[Task description] Everything in the listing should be copied exactly, save for the pictures.

[Supplied records]
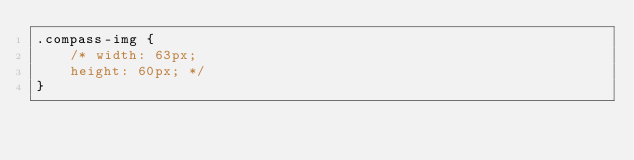<code> <loc_0><loc_0><loc_500><loc_500><_CSS_>.compass-img {
    /* width: 63px;
    height: 60px; */
}</code> 
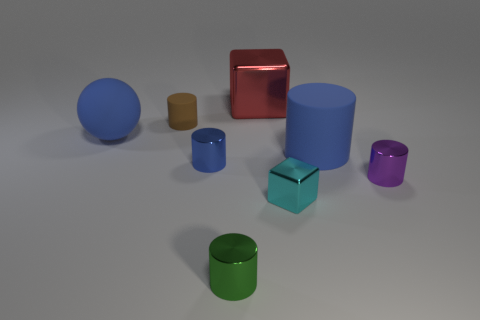Are there any other things of the same color as the large matte sphere?
Make the answer very short. Yes. Does the blue object on the right side of the green metallic cylinder have the same shape as the large blue matte thing left of the tiny green metal cylinder?
Your response must be concise. No. How many objects are tiny yellow metallic cylinders or large blue matte things left of the big cylinder?
Make the answer very short. 1. What number of other things are there of the same size as the blue metallic cylinder?
Ensure brevity in your answer.  4. Is the cube that is left of the small cube made of the same material as the tiny cylinder that is behind the blue matte cylinder?
Your response must be concise. No. How many large blue cylinders are behind the cyan thing?
Your answer should be compact. 1. What number of gray things are tiny shiny blocks or rubber spheres?
Ensure brevity in your answer.  0. What material is the blue cylinder that is the same size as the purple cylinder?
Provide a succinct answer. Metal. There is a rubber thing that is both to the right of the large matte sphere and left of the tiny blue metal thing; what is its shape?
Offer a very short reply. Cylinder. There is another rubber thing that is the same size as the cyan object; what color is it?
Offer a very short reply. Brown.

[Response box]
<code> <loc_0><loc_0><loc_500><loc_500><_CSS_>.compass-img {
    /* width: 63px;
    height: 60px; */
}</code> 
Are there any other things of the same color as the large matte sphere?
Make the answer very short. Yes. Does the blue object on the right side of the green metallic cylinder have the same shape as the large blue matte thing left of the tiny green metal cylinder?
Your response must be concise. No. How many objects are tiny yellow metallic cylinders or large blue matte things left of the big cylinder?
Make the answer very short. 1. What number of other things are there of the same size as the blue metallic cylinder?
Ensure brevity in your answer.  4. Is the cube that is left of the small cube made of the same material as the tiny cylinder that is behind the blue matte cylinder?
Your response must be concise. No. How many large blue cylinders are behind the cyan thing?
Your answer should be compact. 1. What number of gray things are tiny shiny blocks or rubber spheres?
Ensure brevity in your answer.  0. What material is the blue cylinder that is the same size as the purple cylinder?
Provide a succinct answer. Metal. There is a rubber thing that is both to the right of the large matte sphere and left of the tiny blue metal thing; what is its shape?
Offer a very short reply. Cylinder. There is another rubber thing that is the same size as the cyan object; what color is it?
Offer a very short reply. Brown.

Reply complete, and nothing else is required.